This question seems to be solved best by Eisenstein's criterion, which
states that the polynomial

f(x) = a[n] x^n + a[n-1] x^(n-1) + ... + a[1] x + a[0]

where a[n] is nonzero and a[k] are integers for all 0 <= k <= n, is
irreducible if there exists a prime p such that p divides a[0], a[1],
..., a[n-1] but not a[n], and furthermore, p^2 does not divide a[0].

However, Eisenstein's criterion doesn't directly apply to the
polynomial

f(x) = x^p + px + (p-1),

since as it is written, no such prime satisfies the conditions.
However, we can observe that f(x) is irreducible if and only if f(x-c)
is irreducible for any given integer c.  So let us consider the polynomial

f(x+1) = (x+1)^p + p(x+1) + (p-1).

Expanding the first term by the Binomial Theorem, we obtain

(x+1)^p = x^p + C[p,1] x^(p-1) + C[p,2] x^(p-2) + ... + C[p,p-1] x +
C[p,p],

where C[p,k] = p!/(k!(p-k)!) is the binomial coefficient counting the
number of ways to select k objects from a group of p objects.  So
C[p,p] = 1, and C[p,p-1] = p, and therefore

f(x+1) = x^p + C[p,1] x^(p-1) + ... + C[p,p-2] x^2 + px + 1 + px + p
+ p - 1
= x^p + C[p,1] x^(p-1) + ... + C[p,p-2] x^2 + 2px + 2p.

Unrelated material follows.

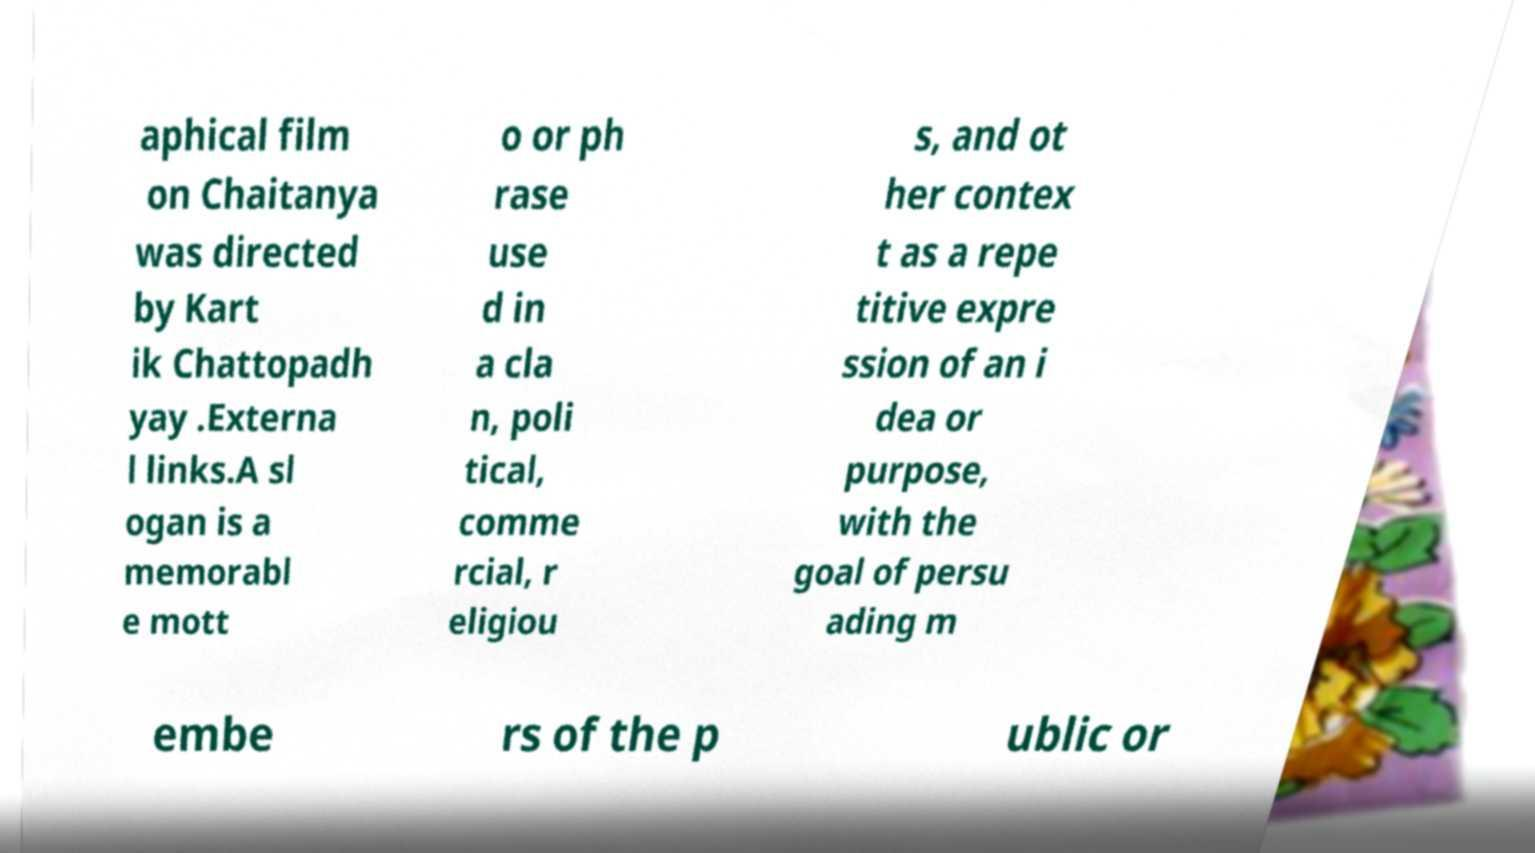Can you accurately transcribe the text from the provided image for me? aphical film on Chaitanya was directed by Kart ik Chattopadh yay .Externa l links.A sl ogan is a memorabl e mott o or ph rase use d in a cla n, poli tical, comme rcial, r eligiou s, and ot her contex t as a repe titive expre ssion of an i dea or purpose, with the goal of persu ading m embe rs of the p ublic or

But since p is a prime, C[p,k] is divisible by p for all 1 <= k <= p-1
because none of the factors of k! or (p-k)! divide p.  Hence f(x+1)
satisfies the Eisenstein criterion for the prime p, except when p = 2,
where it fails because 2p = p^2 when p = 2.  Therefore, f(x+1), and
by our previous comment, f(x), are irreducible for p >= 3.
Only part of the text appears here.